Once the fine-tuning job is complete, you can add the fine-tuned model to your config file.


In [21]:
fine_tuned_model = job_status["model_output_name"]
model_config = {
    "models": {
        fine_tuned_model: {
            "routing": ["together"],
            "providers": {
                "together": {"type": "together", "model_name": fine_tuned_model}
            },
        }
    }
}

print(toml.dumps(model_config))

[models."virajmehta/Meta-Llama-3.1-8B-Instruct-Reference-7b84fdf5"]
routing = [ "together",]

[models."virajmehta/Meta-Llama-3.1-8B-Instruct-Reference-7b84fdf5".providers.together]
type = "together"
model_name = "virajmehta/Meta-Llama-3.1-8B-Instruct-Reference-7b84fdf5"
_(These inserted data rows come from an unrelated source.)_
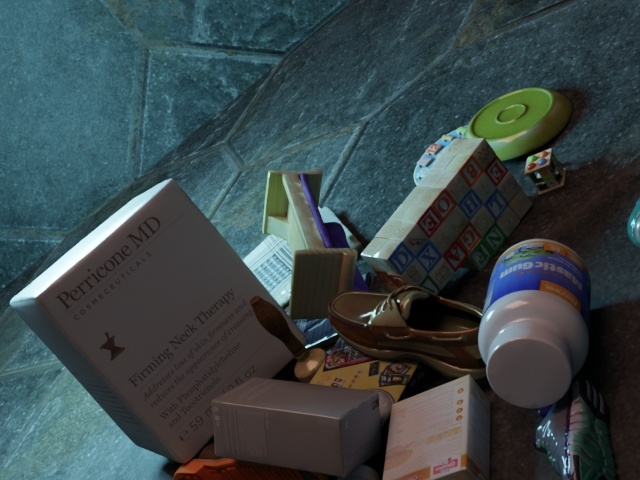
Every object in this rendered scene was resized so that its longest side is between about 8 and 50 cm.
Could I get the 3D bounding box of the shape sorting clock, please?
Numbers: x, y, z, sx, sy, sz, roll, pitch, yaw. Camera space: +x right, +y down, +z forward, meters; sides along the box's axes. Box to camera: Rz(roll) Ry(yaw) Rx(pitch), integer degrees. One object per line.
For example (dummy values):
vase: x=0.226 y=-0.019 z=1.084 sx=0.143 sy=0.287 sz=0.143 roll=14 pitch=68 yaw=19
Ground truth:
shape sorting clock: x=0.288 y=-0.181 z=2.161 sx=0.206 sy=0.040 sz=0.206 roll=-32 pitch=26 yaw=17

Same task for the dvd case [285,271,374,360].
dvd case: x=0.005 y=0.159 z=2.013 sx=0.221 sy=0.018 sz=0.164 roll=-27 pitch=26 yaw=26

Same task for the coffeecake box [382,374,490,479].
coffeecake box: x=0.171 y=0.303 z=1.475 sx=0.142 sy=0.068 sz=0.185 roll=-26 pitch=28 yaw=27

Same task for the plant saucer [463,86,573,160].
plant saucer: x=0.398 y=-0.249 z=2.082 sx=0.241 sy=0.037 sz=0.241 roll=-23 pitch=29 yaw=14

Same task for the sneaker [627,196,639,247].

Finally, add a new variant to your function to use the fine-tuned model.


In [23]:
variant_config = {
    "type": "chat_completion",
    "weight": 0,
    "model": fine_tuned_model,
}

system_template = variant.get("system_template")
if system_template:
    variant_config["system_template"] = system_template

user_template = variant.get("user_template")
if user_template:
    variant_config["user_template"] = user_template

assistant_template = variant.get("assistant_template")
if assistant_template:
    variant_config["assistant_template"] = assistant_template

full_variant_config = {
    "functions": {FUNCTION_NAME: {"variants": {fine_tuned_model: variant_config}}}
}

print(toml.dumps(full_variant_config))

[functions.extract_entities.variants."virajmehta/Meta-Llama-3.1-8B-Instruct-Reference-7b84fdf5"]
type = "chat_completion"
weight = 0
model = "virajmehta/Meta-Llama-3.1-8B-Instruct-Reference-7b84fdf5"
system_template = "functions/extract_entities/initial_prompt/system_template.minijinja"



You're all set!

You can change the weight to enable a gradual rollout of the new model.

You might also add other parameters (e.g. `max_tokens`, `temperature`) to the variant section in the config file.